Entonces, segun lo leído personalmente:
Médicos sin fronteras señala que faltan carpas y médicos para la atención postoperatoria, asi como asistentes para desplazarse al interior del pais. http://www.msf.es/noticias/emergencias/haitterremoto13.asp

La MINUSTAH señala que hacen falta 200, 000 tiendas de campaña para alojar a dos millones de personas y protejerlas de robos y violaciones; luego es necesario construir casas mas sólidas para todos ellos antes  de junio (temporada de huracanes en el Atlántico Norte).  http://www.minustah.org/

Estos son algunos de los pedidos inmediatos, seguro que posteriormente se tendrá que imaginar todo el proceso de reconstrucción, proceso mas largo pero por tanto no menos importante. Para esta etapa seguro que es necesaria la participación activa de todos, incluidos los más pobres.

Por otro lado, leyendo en la web sobre lo que sucede ahora en Haití, la acción de los paises cooperantes y sobre los comentarios de ciudadanos del mundo. Me permito hacer algunas reflexiones, respetando las otras vertidas en este y otros blogs que escriben sobre el tema.

Considero que, frente a las maneras cómo los paises asisten a Haití (envío de tropas armadas, descarga de alimentos en paracaídas, aceleración de adopciones, etc.) es necesario analizar y situar en contexto nuestras apreciaciones para no desvirtuar las acciones llevadas a cabo por los estados cooperantes.

Considero también que se han cometido excesos y aberraciones por parte de instituciones y particulares durante el proceso de asistencia a Haití (Secuestro de niños haitianos huérfanos y no hueéfanos, fotografías de  médicos sonriendo a lado de cadaveres y heridos,  soldados agrediendo a personas que esperan la distribución de alimentos, etc.).
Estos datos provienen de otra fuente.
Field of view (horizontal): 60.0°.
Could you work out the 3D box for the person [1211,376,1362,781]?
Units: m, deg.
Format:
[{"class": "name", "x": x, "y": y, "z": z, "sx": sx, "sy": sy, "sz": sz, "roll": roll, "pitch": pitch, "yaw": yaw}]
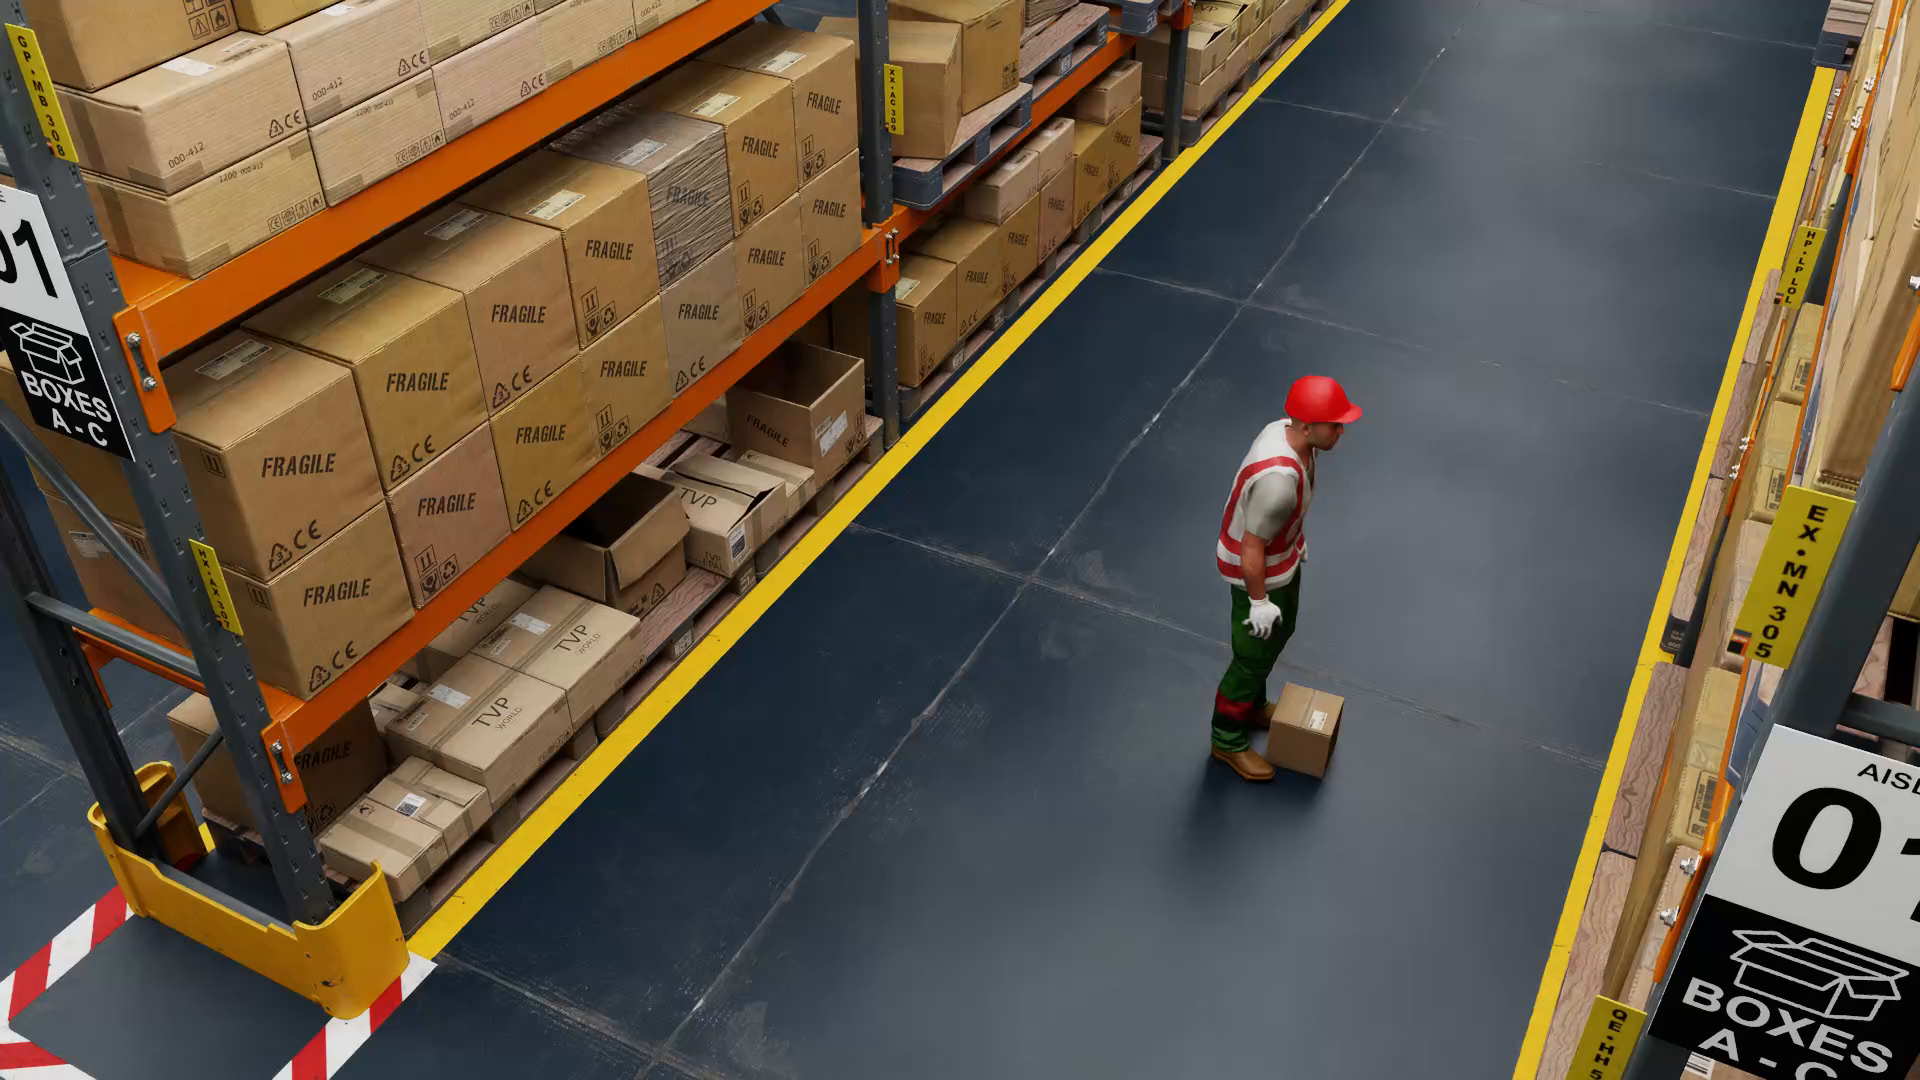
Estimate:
[{"class": "person", "x": 1.248, "y": 0.118, "z": 6.584, "sx": 0.452, "sy": 1.779, "sz": 0.618, "roll": 15, "pitch": 40, "yaw": 19}]

Estas situaciones deben de ser denunciadas, sin embargo no debieran emitirse ni generalizar juicios sobre las nacionalidades de las personas que cometen estos delitos.
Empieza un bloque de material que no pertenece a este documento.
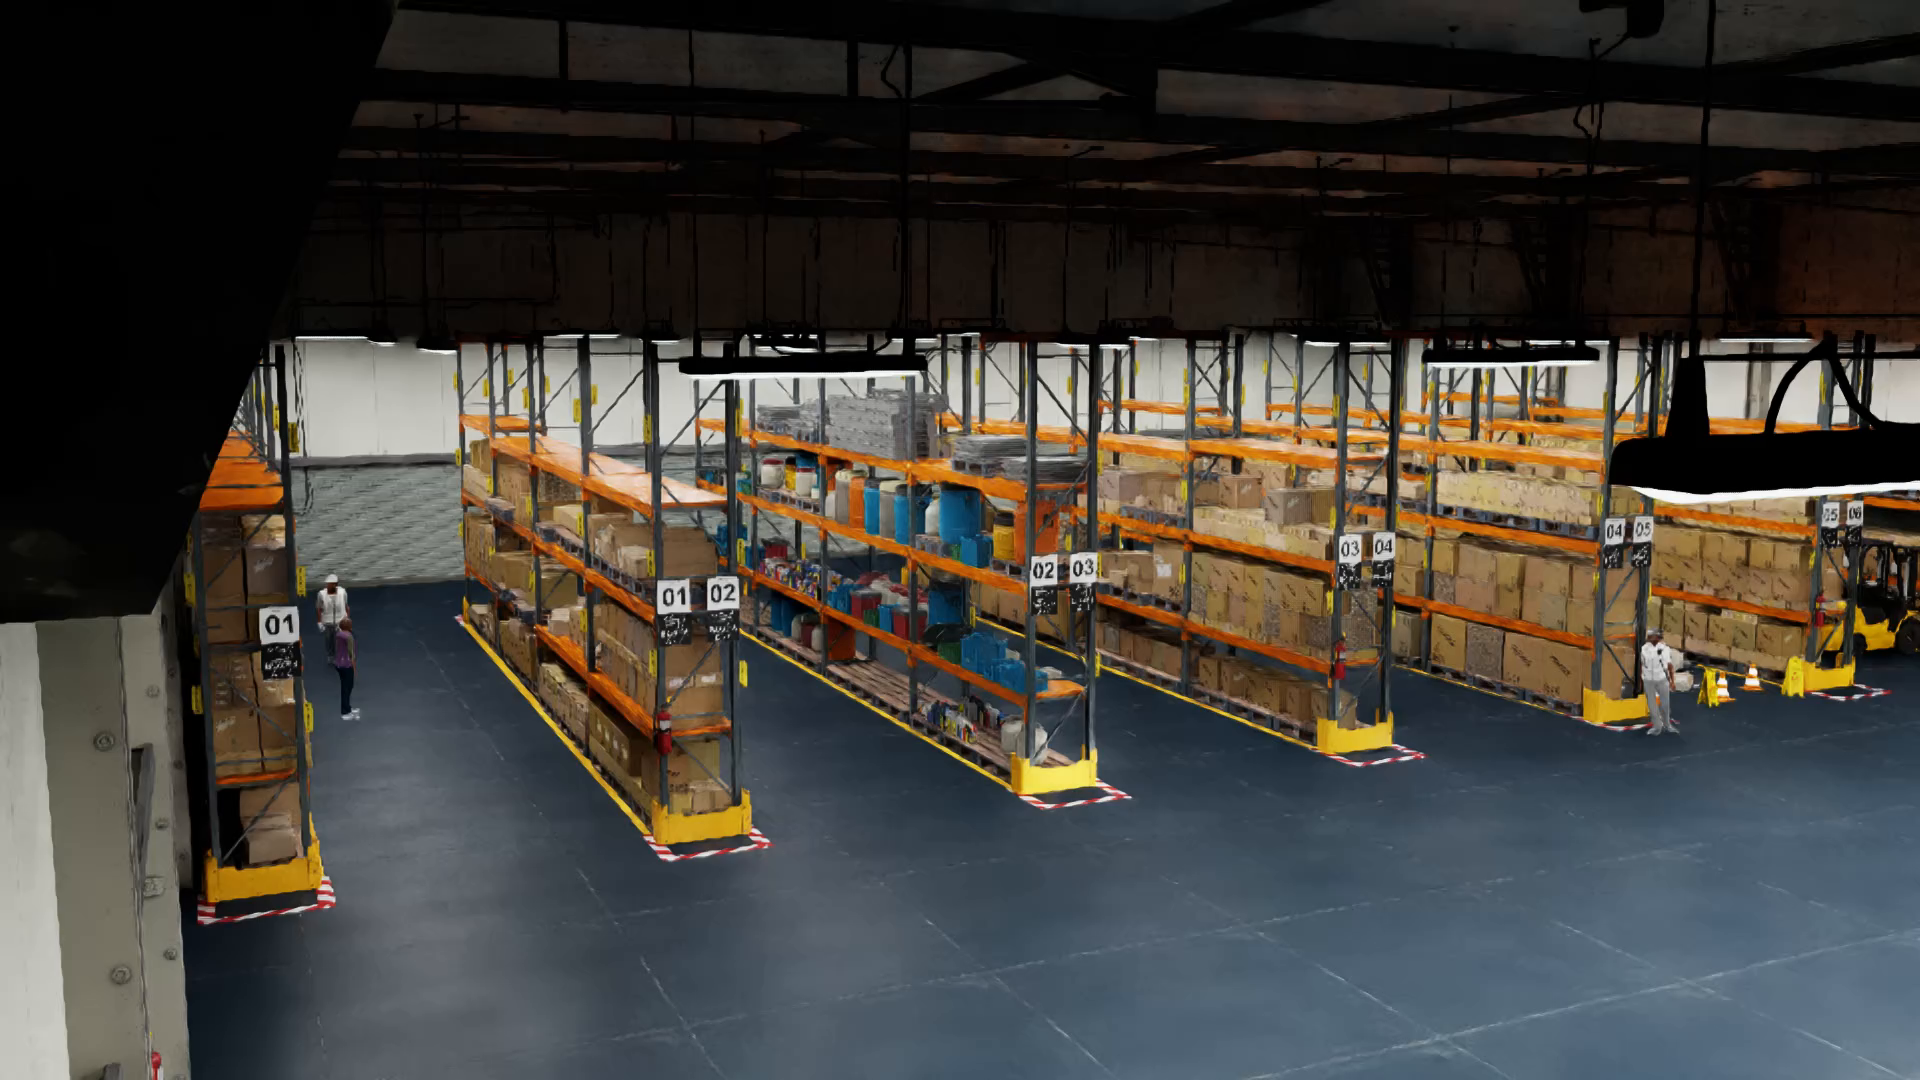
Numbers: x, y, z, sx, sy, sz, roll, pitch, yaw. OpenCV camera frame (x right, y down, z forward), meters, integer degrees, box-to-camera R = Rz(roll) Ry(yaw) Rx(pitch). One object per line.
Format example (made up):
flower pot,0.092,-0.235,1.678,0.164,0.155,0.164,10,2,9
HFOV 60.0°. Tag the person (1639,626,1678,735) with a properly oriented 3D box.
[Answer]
person,10.601,2.123,25.196,0.581,1.666,0.452,6,10,39

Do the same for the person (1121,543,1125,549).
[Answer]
person,3.218,0.889,34.022,0.552,1.709,1.123,-3,8,-22

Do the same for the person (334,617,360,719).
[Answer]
person,-9.640,1.999,26.227,0.505,1.602,0.420,7,10,42

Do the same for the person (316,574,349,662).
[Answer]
person,-11.268,1.449,29.913,0.566,1.704,1.122,-3,8,-22

Considero además que todos, organismos, asociaciones y particulares, tenemos límites en lo que podemos hacer por Haiti. Y reconocer que tenemos diferentes tiempos en los que podemos apoyar a esta población. Esto es un aspecto, creo yo, que no es muy valorizado en la actualidad, ya que el ritmo mediático con el que son tratados los desastres y  la ayuda a las poblaciones concernidas no nos permiten ver las maneras en el que podemos participar hoy y también mañana.
Como algo anecdótico puedo decir que en mi trabajo de encuestador  de una consultora que hace estudios económicos y sociales en el Perú, pude apreciar que luego de la catástrofe que sufrió Pisco (al sur de la capital Lima), las necesidades de la población se volvieron diversas a medida que pasaron los días, meses y años, mientras que la ayuda se redujo del plano internacional al local hasta desaparecer completamente. Yo participé en las encuestas después de dos años de ocurrido el incidente y lo que dicen las personas que viven alejadas del centro de la ciudad es que, al principio diferentes instituciones venían a ayudarles pero que ahora se han olvidado de ellos. Sus casas no fueron reconstruidas, siguen recibiendo alimentos de un programa de asistencia estatal y la escuela a la que van sus hijos todavía funciona en carpas.

Mantener viva y a largo plazo la preocupación y voluntad de ayuda hacia Haití y lo que podremos hacer por ellos y por nosotros mismos es en lo que podría concluir esta pequeña reflexión.